The High Court held that the impugned order passed by the AO had recorded the contents of the notice issued under section 148A(b) and thereafter reproduced the entire submissions made by the assessee and again reiterated the contents of the notice under section 148A(b) to come to prima facie conclusion that it was a fit case to reopen the assessment.

Reasons are required to be given by any quasi-judicial authority dealing with the contentions raised more particularly in the Scheme of the Act when it stipulates statutory opportunity to the assessee to file a reply to the notice issued under section 148A(b) and thereafter on consideration of the reply and materials on record, the AO is required to come to the prima facie conclusion that it is a fit case to reopen the assessment.

It appeared from the impugned order that the AO had materially complied with the formalities of consideration “of reply” by reproducing the reply without dealing with the issues raised in the said reply. Merely reproduction of the reply filed by the assessee cannot be said to be in compliance with provisions of section 148A(d).

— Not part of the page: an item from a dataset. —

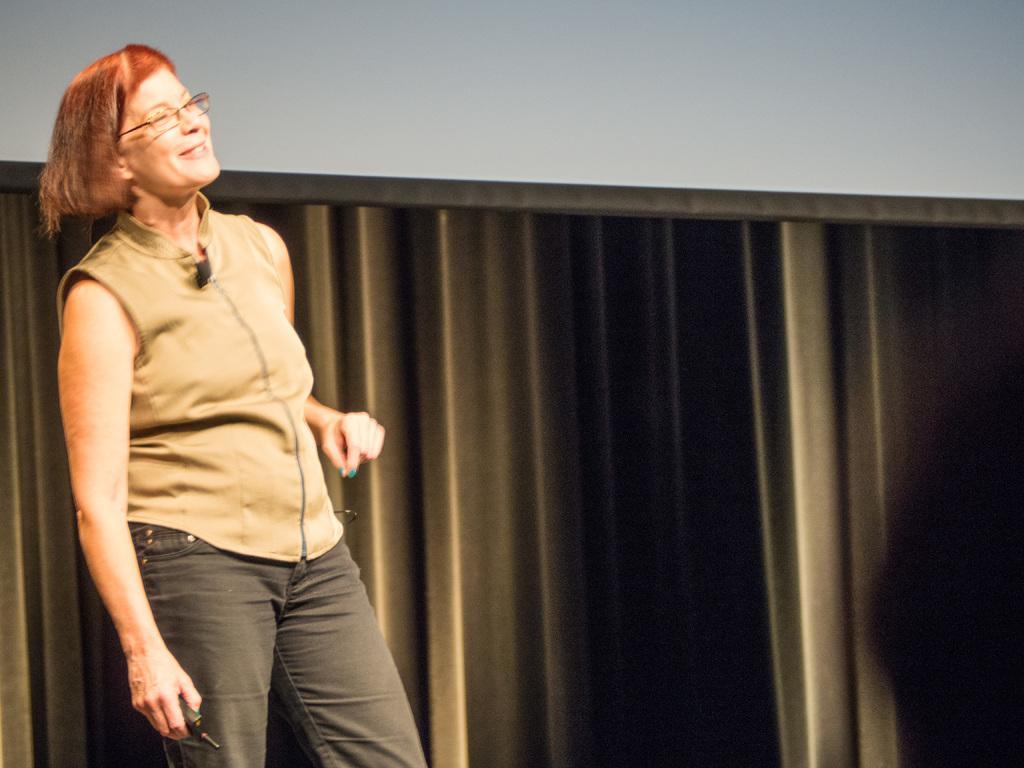How would you summarize this image in a sentence or two? This is the woman standing and smiling. She is holding a black color object in her hand. She wore spectacles, top and trouser. This looks like a curtain cloth hanging. 
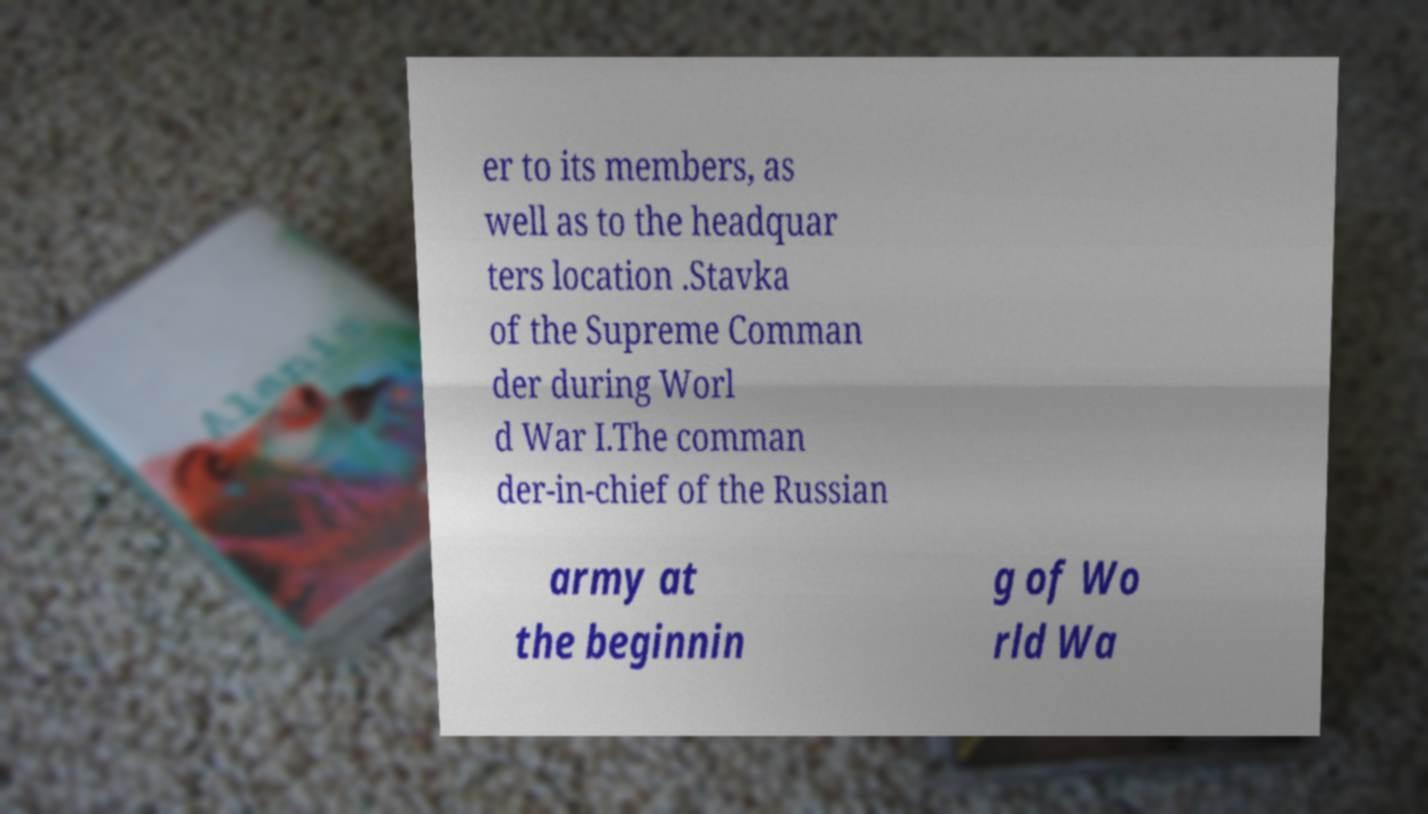Could you extract and type out the text from this image? er to its members, as well as to the headquar ters location .Stavka of the Supreme Comman der during Worl d War I.The comman der-in-chief of the Russian army at the beginnin g of Wo rld Wa

On comparison of the contents of the notice and the conclusion arrived at after reproduction of the reply of the assessee, it was apparent that the AO did not apply his mind while passing the impugned order under section 148A(d). As AO did not state as to why the submissions filed by the assessee were not acceptable and without dealing with it which was a pre-requisite passed the impugned order under section 148A(d).

Thus, failure on the part of the AO to give reasons dealing with the contentions of the assessee resulted in the entire purpose of introduction of the Scheme for reopening under section 148A as a futile exercise.

Therefore, the impugned order under section 148A(d) was not tenable as it was bereft of any reason and consequently, notice under section 148 was also liable to be quashed and set aside.